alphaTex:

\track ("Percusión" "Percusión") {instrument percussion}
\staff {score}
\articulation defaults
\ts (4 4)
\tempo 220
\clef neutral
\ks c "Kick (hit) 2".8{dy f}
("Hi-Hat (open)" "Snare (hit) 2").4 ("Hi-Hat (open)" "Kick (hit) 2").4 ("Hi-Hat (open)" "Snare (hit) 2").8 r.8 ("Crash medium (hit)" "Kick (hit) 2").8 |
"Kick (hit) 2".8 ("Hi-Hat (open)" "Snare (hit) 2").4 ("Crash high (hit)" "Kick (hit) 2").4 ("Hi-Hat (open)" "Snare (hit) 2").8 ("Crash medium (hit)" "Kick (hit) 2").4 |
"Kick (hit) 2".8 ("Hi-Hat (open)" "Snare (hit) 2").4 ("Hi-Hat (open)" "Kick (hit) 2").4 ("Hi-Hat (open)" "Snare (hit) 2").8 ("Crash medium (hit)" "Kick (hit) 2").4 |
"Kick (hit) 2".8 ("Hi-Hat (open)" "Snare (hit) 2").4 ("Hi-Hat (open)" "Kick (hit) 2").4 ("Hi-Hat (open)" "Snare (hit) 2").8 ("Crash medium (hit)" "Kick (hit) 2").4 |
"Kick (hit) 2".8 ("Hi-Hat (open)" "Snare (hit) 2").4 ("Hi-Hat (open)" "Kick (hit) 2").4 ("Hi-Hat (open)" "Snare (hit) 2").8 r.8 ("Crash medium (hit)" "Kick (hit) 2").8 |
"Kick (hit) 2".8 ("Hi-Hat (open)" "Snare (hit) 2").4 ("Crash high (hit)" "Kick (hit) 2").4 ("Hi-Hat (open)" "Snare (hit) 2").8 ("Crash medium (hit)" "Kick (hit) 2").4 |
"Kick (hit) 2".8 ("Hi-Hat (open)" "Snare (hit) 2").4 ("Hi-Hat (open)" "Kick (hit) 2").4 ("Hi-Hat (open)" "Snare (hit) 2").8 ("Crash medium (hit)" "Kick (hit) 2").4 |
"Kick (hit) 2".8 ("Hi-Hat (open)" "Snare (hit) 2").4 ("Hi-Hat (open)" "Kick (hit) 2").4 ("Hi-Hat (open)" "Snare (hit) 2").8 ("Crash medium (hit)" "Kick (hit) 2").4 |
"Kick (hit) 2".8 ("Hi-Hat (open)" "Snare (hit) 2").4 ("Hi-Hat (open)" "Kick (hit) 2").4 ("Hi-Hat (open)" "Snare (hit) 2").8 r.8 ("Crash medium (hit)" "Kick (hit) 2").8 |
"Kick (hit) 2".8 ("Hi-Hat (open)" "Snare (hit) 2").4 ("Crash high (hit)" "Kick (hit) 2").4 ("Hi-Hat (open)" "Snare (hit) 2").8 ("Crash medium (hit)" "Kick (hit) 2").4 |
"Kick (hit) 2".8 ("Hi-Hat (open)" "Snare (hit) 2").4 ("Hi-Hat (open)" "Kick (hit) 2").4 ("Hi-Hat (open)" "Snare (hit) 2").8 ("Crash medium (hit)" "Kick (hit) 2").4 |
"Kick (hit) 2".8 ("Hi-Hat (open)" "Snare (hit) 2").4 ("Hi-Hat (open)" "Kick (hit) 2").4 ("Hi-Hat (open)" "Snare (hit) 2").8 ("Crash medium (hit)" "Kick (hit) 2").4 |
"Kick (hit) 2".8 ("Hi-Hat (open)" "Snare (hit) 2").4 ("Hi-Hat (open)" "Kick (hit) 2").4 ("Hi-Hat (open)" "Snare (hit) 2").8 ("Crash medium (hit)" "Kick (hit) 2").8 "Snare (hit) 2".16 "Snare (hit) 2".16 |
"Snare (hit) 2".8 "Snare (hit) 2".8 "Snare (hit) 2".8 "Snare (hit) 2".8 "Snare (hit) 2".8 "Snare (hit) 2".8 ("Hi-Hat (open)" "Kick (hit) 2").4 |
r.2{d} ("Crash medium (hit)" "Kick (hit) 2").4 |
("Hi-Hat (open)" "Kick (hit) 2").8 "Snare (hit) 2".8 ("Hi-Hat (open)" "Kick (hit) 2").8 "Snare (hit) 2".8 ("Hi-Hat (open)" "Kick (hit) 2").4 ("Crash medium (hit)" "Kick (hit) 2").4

◇ ◇ ◇

◆ **REQUIRED WORK**: Would you print each line of the listing again, unaltered?

◆ **SOLUTION BELOW**:
alphaTex:

\track ("Percusión" "Percusión") {instrument percussion}
\staff {score}
\articulation defaults
\ts (4 4)
\tempo 220
\clef neutral
\ks c "Kick (hit) 2".8{dy f}
("Hi-Hat (open)" "Snare (hit) 2").4 ("Hi-Hat (open)" "Kick (hit) 2").4 ("Hi-Hat (open)" "Snare (hit) 2").8 r.8 ("Crash medium (hit)" "Kick (hit) 2").8 |
"Kick (hit) 2".8 ("Hi-Hat (open)" "Snare (hit) 2").4 ("Crash high (hit)" "Kick (hit) 2").4 ("Hi-Hat (open)" "Snare (hit) 2").8 ("Crash medium (hit)" "Kick (hit) 2").4 |
"Kick (hit) 2".8 ("Hi-Hat (open)" "Snare (hit) 2").4 ("Hi-Hat (open)" "Kick (hit) 2").4 ("Hi-Hat (open)" "Snare (hit) 2").8 ("Crash medium (hit)" "Kick (hit) 2").4 |
"Kick (hit) 2".8 ("Hi-Hat (open)" "Snare (hit) 2").4 ("Hi-Hat (open)" "Kick (hit) 2").4 ("Hi-Hat (open)" "Snare (hit) 2").8 ("Crash medium (hit)" "Kick (hit) 2").4 |
"Kick (hit) 2".8 ("Hi-Hat (open)" "Snare (hit) 2").4 ("Hi-Hat (open)" "Kick (hit) 2").4 ("Hi-Hat (open)" "Snare (hit) 2").8 r.8 ("Crash medium (hit)" "Kick (hit) 2").8 |
"Kick (hit) 2".8 ("Hi-Hat (open)" "Snare (hit) 2").4 ("Crash high (hit)" "Kick (hit) 2").4 ("Hi-Hat (open)" "Snare (hit) 2").8 ("Crash medium (hit)" "Kick (hit) 2").4 |
"Kick (hit) 2".8 ("Hi-Hat (open)" "Snare (hit) 2").4 ("Hi-Hat (open)" "Kick (hit) 2").4 ("Hi-Hat (open)" "Snare (hit) 2").8 ("Crash medium (hit)" "Kick (hit) 2").4 |
"Kick (hit) 2".8 ("Hi-Hat (open)" "Snare (hit) 2").4 ("Hi-Hat (open)" "Kick (hit) 2").4 ("Hi-Hat (open)" "Snare (hit) 2").8 ("Crash medium (hit)" "Kick (hit) 2").4 |
"Kick (hit) 2".8 ("Hi-Hat (open)" "Snare (hit) 2").4 ("Hi-Hat (open)" "Kick (hit) 2").4 ("Hi-Hat (open)" "Snare (hit) 2").8 r.8 ("Crash medium (hit)" "Kick (hit) 2").8 |
"Kick (hit) 2".8 ("Hi-Hat (open)" "Snare (hit) 2").4 ("Crash high (hit)" "Kick (hit) 2").4 ("Hi-Hat (open)" "Snare (hit) 2").8 ("Crash medium (hit)" "Kick (hit) 2").4 |
"Kick (hit) 2".8 ("Hi-Hat (open)" "Snare (hit) 2").4 ("Hi-Hat (open)" "Kick (hit) 2").4 ("Hi-Hat (open)" "Snare (hit) 2").8 ("Crash medium (hit)" "Kick (hit) 2").4 |
"Kick (hit) 2".8 ("Hi-Hat (open)" "Snare (hit) 2").4 ("Hi-Hat (open)" "Kick (hit) 2").4 ("Hi-Hat (open)" "Snare (hit) 2").8 ("Crash medium (hit)" "Kick (hit) 2").4 |
"Kick (hit) 2".8 ("Hi-Hat (open)" "Snare (hit) 2").4 ("Hi-Hat (open)" "Kick (hit) 2").4 ("Hi-Hat (open)" "Snare (hit) 2").8 ("Crash medium (hit)" "Kick (hit) 2").8 "Snare (hit) 2".16 "Snare (hit) 2".16 |
"Snare (hit) 2".8 "Snare (hit) 2".8 "Snare (hit) 2".8 "Snare (hit) 2".8 "Snare (hit) 2".8 "Snare (hit) 2".8 ("Hi-Hat (open)" "Kick (hit) 2").4 |
r.2{d} ("Crash medium (hit)" "Kick (hit) 2").4 |
("Hi-Hat (open)" "Kick (hit) 2").8 "Snare (hit) 2".8 ("Hi-Hat (open)" "Kick (hit) 2").8 "Snare (hit) 2".8 ("Hi-Hat (open)" "Kick (hit) 2").4 ("Crash medium (hit)" "Kick (hit) 2").4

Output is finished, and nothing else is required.